While the preferred embodiment of the invention has been disclosed, it should be appreciated that the invention is susceptible of modification without departing from the scope of the following claims.

Claims

1. In an electrical connector system comprising

a pin having a head portion, a tail portion spaced from the head portion, and a mounting portion intermediate the head and tail portions comprising three resilient, longitudinally-extending beams; and

a mounting member having a circular aperture with an electrically-conductive sidewall dimensioned to receive the mounting portion of said pin;

the three resilient beams of the mounting portion of said pin being radially spaced from one another about a central axis and disposed in a generally triangular array, each of the beams having an arcuate edge surface thereon for engagement with the aperture sidewall, the first and second beams initially engaging the aperture sidewall at a pair of diametric locations thereon, respectively, the third beam engaging the aperture sidewall at a third location thereon midway between said initial diametric locations, said locations of engagement between the first and second beams and the aperture sidewall, respectively, being displaced circumferentially about the aperture sidewall away from said third beam engagement location thereon upon further insertion of said pin into the aperture.

2. A connector system in accordance with claim 1 wherein the radius of development of the arcuate edge surfaces of the beams is equal to or less than the radius of the aperture of said mounting member.

3. A connector system in accordance with claim 1 wherein the first and second beams experience torsional loading upon such circumferential movement of said engagement locations about the aperture sidewall.

4. A connector system in accordance with claim 3 wherein each of the first and second beams is resiliently rotated about its respective longitudinal axis by such torsional loading.

5. A connector system in accordance with claim 1 wherein the central axis of the mounting portion of said pin is diametrically displaced relative to the aperture of said mounting member away from said third beam engagement location on the aperture sidewall upon such further insertion of said pin into the aperture of said mounting member.

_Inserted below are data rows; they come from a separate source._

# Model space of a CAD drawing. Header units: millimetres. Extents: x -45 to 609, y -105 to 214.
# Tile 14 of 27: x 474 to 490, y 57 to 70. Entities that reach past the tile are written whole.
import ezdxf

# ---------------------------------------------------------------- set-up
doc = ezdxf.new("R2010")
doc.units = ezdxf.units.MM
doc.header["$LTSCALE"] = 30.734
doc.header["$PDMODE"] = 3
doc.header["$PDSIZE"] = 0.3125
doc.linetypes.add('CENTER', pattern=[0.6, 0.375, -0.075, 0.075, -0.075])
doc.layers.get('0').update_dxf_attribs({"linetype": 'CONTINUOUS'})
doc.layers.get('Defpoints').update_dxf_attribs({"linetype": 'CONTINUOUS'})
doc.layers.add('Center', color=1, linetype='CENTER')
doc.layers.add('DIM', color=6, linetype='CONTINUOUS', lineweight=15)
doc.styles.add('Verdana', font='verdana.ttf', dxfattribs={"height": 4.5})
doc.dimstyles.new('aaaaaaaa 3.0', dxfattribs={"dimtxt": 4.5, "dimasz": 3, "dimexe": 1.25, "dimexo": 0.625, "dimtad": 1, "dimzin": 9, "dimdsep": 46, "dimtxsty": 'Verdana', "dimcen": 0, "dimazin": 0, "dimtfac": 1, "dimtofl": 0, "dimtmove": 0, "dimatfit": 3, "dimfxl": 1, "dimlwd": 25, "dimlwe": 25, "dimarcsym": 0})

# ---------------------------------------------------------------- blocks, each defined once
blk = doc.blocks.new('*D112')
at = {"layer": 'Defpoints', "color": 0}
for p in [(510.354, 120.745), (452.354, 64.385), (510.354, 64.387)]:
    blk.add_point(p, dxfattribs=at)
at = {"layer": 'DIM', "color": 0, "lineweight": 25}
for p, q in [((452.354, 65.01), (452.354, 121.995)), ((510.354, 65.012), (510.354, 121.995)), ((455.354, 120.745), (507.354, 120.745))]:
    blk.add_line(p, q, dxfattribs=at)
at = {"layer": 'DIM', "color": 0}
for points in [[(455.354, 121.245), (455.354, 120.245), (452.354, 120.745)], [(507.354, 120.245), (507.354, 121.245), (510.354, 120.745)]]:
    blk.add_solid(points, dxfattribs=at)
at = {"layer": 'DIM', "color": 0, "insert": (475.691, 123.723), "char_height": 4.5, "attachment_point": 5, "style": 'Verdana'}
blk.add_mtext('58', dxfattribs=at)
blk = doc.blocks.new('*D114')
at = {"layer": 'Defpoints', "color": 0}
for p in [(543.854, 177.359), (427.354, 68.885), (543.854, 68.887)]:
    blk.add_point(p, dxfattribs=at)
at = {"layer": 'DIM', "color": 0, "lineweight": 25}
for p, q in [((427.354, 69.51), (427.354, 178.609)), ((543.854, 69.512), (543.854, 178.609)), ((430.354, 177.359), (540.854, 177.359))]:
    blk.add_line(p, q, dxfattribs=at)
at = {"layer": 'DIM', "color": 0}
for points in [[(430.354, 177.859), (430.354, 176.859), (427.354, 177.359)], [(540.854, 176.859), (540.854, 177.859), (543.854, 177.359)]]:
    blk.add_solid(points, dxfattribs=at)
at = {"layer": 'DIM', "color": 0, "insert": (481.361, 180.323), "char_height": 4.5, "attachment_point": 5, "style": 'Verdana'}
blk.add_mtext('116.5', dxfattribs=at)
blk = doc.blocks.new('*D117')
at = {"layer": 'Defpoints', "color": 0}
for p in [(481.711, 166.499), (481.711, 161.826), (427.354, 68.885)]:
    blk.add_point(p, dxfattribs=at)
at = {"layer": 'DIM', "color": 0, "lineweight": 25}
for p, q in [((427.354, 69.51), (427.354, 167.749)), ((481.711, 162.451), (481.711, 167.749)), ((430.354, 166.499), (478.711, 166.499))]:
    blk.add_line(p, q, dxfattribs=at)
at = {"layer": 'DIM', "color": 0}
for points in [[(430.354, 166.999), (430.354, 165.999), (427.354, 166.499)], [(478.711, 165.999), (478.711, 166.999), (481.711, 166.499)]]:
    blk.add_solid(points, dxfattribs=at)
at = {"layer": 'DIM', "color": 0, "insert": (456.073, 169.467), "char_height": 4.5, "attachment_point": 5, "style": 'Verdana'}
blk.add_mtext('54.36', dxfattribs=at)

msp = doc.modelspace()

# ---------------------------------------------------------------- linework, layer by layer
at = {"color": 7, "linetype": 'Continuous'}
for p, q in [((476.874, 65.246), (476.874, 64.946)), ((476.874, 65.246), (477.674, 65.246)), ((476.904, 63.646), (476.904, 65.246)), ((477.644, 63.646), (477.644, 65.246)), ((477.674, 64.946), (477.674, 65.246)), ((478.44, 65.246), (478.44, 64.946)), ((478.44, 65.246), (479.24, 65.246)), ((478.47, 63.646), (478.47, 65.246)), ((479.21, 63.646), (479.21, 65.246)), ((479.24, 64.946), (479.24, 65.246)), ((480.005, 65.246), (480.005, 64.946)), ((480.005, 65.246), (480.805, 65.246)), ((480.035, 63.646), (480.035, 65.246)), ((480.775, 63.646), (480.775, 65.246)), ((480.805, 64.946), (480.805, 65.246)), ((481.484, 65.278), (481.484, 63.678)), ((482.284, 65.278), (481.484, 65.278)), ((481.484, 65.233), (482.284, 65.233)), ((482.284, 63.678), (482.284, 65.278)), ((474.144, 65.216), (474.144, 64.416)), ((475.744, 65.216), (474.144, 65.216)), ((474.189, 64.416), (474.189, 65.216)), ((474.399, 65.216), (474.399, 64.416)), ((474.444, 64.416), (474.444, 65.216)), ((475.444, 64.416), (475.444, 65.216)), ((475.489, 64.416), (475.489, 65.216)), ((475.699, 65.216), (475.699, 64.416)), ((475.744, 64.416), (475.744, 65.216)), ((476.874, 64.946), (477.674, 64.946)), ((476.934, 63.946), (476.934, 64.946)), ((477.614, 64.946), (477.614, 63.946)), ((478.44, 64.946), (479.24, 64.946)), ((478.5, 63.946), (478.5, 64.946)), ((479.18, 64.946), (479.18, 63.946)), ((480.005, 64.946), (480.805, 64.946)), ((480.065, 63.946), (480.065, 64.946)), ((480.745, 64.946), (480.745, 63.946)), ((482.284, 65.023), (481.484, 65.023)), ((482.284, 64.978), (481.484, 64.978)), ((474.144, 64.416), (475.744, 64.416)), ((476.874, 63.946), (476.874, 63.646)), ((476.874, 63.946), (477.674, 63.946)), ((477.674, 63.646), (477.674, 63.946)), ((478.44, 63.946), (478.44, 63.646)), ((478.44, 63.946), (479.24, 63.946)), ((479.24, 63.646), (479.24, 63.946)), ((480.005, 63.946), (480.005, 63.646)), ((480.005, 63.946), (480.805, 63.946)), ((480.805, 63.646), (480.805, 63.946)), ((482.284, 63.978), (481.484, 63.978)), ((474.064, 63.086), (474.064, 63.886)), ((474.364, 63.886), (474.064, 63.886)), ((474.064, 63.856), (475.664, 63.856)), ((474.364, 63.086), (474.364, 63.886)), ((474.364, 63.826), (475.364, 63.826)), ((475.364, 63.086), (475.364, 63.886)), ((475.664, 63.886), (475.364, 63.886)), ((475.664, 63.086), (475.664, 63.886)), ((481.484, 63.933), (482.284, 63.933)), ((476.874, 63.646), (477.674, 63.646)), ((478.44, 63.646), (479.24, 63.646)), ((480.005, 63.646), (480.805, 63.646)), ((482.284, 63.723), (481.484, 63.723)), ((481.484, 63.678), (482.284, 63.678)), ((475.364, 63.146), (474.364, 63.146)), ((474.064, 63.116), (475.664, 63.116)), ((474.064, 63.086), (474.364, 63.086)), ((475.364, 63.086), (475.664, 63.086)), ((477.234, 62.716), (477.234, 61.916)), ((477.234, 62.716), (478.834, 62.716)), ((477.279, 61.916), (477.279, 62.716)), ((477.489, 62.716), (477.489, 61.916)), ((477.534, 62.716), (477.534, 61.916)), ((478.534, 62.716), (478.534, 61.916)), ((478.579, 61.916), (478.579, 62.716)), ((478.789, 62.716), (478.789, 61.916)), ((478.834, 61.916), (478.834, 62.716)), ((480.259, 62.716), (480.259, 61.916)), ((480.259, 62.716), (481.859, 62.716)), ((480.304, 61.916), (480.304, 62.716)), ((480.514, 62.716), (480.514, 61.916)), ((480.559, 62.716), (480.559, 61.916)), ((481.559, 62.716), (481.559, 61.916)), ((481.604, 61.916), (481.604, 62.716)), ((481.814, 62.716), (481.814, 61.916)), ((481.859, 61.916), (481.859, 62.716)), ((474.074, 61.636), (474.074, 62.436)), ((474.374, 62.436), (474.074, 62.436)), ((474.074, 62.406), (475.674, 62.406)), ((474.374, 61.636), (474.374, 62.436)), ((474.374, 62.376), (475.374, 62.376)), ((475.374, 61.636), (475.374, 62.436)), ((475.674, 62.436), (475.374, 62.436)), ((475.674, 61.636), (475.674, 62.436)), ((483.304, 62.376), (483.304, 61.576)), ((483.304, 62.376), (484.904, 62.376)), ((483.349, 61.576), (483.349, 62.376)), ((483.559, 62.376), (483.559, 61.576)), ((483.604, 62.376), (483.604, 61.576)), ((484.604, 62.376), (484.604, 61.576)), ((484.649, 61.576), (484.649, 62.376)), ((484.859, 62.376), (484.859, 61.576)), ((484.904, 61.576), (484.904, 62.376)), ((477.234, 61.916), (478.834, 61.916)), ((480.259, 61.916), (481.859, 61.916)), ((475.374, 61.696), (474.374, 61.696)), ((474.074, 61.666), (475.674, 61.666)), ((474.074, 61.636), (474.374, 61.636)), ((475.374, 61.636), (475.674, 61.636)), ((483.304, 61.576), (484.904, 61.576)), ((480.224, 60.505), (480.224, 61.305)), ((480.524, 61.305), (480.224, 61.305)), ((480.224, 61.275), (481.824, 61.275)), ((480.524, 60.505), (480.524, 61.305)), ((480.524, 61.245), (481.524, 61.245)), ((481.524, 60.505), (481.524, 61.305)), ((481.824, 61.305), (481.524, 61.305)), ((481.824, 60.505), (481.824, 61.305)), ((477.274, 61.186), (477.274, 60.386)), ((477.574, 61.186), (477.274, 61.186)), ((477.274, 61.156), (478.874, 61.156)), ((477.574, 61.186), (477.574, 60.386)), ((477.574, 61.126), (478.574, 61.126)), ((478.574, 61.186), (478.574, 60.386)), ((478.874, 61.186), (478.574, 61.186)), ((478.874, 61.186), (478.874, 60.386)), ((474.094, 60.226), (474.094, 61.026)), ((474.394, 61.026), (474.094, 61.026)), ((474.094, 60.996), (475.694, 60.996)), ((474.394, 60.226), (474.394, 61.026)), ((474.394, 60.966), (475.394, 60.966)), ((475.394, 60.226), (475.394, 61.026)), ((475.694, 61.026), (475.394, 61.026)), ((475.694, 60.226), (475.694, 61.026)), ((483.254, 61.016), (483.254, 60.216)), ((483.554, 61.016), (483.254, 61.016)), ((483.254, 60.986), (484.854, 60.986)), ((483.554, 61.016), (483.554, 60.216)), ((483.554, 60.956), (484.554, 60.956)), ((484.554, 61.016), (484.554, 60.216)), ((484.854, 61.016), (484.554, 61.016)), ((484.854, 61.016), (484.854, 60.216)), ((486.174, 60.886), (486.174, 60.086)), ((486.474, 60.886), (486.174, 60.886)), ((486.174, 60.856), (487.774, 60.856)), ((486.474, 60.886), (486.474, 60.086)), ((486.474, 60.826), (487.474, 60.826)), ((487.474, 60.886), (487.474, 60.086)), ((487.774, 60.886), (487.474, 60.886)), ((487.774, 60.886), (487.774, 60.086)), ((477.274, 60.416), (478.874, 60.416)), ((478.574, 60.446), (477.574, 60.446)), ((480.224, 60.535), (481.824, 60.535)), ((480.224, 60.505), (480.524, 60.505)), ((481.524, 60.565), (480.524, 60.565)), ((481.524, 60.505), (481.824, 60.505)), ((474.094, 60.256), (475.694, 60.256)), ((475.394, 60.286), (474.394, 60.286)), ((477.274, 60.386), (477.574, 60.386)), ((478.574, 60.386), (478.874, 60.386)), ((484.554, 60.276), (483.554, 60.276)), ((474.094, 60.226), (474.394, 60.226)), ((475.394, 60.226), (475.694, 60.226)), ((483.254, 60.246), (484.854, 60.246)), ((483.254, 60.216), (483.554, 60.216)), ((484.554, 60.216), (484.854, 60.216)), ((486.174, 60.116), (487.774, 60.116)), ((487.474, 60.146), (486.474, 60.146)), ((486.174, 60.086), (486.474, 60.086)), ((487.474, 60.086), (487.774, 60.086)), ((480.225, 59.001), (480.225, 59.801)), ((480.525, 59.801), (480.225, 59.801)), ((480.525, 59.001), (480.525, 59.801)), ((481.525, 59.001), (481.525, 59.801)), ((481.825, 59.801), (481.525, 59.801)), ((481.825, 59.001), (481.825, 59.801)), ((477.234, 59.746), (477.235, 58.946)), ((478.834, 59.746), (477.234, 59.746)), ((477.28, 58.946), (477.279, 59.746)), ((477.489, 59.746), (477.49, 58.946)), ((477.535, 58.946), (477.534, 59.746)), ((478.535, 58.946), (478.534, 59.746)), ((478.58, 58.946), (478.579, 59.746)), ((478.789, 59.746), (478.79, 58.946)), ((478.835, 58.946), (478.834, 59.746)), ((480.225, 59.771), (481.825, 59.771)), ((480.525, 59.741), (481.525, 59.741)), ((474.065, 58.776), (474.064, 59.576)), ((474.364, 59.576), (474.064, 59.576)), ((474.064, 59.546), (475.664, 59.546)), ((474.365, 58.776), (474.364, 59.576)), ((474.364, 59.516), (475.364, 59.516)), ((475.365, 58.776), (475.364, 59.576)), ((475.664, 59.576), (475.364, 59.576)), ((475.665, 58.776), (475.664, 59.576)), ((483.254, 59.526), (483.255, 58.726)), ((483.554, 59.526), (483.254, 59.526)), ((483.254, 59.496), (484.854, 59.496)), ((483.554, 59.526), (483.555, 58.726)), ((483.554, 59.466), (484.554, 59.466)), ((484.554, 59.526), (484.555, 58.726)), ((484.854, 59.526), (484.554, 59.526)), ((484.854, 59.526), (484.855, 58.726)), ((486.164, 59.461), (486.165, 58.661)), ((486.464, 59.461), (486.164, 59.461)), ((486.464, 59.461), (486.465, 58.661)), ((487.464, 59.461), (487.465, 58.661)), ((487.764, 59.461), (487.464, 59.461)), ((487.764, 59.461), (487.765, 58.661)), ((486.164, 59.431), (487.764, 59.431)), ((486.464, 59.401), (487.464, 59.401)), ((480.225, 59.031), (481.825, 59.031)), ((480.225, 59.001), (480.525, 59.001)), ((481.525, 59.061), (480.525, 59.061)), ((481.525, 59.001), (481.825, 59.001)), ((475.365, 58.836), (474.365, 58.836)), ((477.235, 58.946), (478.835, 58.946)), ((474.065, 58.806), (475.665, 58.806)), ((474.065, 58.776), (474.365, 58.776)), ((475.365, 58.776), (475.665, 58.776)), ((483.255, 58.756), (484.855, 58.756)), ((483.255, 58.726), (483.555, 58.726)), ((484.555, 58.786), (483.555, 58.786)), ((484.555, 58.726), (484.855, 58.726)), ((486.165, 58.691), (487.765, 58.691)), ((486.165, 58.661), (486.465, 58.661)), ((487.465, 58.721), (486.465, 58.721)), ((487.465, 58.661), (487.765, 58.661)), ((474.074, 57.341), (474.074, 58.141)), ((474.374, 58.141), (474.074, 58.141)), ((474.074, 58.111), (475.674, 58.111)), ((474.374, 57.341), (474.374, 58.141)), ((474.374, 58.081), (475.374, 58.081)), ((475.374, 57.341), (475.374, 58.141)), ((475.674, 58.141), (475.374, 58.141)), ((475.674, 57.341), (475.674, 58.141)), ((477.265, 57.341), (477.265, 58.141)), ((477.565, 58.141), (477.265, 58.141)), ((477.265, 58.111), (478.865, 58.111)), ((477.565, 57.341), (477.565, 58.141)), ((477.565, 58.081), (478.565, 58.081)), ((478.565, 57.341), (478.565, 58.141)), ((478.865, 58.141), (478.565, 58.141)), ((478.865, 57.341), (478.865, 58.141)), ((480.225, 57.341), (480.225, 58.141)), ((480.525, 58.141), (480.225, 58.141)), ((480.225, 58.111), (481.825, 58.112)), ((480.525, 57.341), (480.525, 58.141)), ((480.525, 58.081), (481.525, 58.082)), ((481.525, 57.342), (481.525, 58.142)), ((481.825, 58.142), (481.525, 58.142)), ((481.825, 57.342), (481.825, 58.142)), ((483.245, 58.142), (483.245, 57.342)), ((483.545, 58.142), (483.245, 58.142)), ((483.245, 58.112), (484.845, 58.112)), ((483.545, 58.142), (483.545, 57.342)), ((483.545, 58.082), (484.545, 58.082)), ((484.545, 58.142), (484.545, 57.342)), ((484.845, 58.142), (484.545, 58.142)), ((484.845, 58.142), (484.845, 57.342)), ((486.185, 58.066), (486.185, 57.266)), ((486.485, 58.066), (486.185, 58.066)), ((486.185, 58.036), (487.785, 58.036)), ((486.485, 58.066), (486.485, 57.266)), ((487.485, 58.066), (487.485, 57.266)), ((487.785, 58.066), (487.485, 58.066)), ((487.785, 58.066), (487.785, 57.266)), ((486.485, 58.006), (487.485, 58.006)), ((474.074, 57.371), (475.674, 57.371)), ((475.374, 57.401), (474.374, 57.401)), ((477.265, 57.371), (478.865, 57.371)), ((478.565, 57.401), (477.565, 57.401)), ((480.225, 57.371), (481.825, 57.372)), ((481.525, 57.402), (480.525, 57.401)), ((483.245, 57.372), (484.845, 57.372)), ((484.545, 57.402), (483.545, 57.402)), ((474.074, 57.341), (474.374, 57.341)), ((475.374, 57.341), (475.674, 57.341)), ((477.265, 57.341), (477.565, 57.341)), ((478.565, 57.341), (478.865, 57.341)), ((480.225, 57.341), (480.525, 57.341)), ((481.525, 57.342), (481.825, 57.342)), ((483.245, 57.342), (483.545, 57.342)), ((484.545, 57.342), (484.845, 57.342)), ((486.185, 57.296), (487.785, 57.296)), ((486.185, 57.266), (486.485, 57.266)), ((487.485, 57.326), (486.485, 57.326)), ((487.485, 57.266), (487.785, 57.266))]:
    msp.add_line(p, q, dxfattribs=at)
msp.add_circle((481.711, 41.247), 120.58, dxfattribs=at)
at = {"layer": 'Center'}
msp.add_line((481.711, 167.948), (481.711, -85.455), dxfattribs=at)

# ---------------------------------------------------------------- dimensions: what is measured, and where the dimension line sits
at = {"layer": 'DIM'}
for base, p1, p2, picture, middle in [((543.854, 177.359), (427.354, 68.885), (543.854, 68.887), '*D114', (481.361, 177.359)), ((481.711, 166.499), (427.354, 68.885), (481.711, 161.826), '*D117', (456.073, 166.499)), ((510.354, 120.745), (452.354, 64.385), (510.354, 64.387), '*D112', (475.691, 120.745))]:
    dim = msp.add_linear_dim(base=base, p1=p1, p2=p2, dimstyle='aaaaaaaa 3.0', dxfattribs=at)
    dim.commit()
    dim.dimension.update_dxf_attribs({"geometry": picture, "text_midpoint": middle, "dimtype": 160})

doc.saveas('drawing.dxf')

6. A connector system in accordance with claim 1 wherein the central axis of the mounting portion of said pin is displaced from initial alignment with the central axis of the aperture to a position radially offset therefrom upon such further insertion of said pin into the aperture of said mounting member.

7. A connector system in accordance with claim 6 wherein the central axis of the mounting portion of said pin is displaced along the diameter of the aperture passing through, and in the direction away from, said third beam engagement location on the aperture sidewall.

8. An electrical connector system comprising

a mounting member having a circular aperture with an electrically-conductive sidewall; and

a pin for insertion into the aperture of said mounting member having three resilient longitudinally-extending beams radially spaced from one another about a central axis and disposed in a generally triangular array, an arcuate edge surface of each said beam engaging the aperture sidewall at a discrete location thereon, two of said locations initially being diametrically-opposed, the third location being situated midway between said initial diametrically-opposed locations, each of said initially diametrically-opposed locations being displaced, respectively, circumferentially about the aperture sidewall away from said third location upon further insertion of said pin into the aperture.

9. A connector system in accordance with claim 8 wherein the radius of development of each of the arcuate edge surfaces of the beams is equal to or less than the radius of the aperture of said mounting member.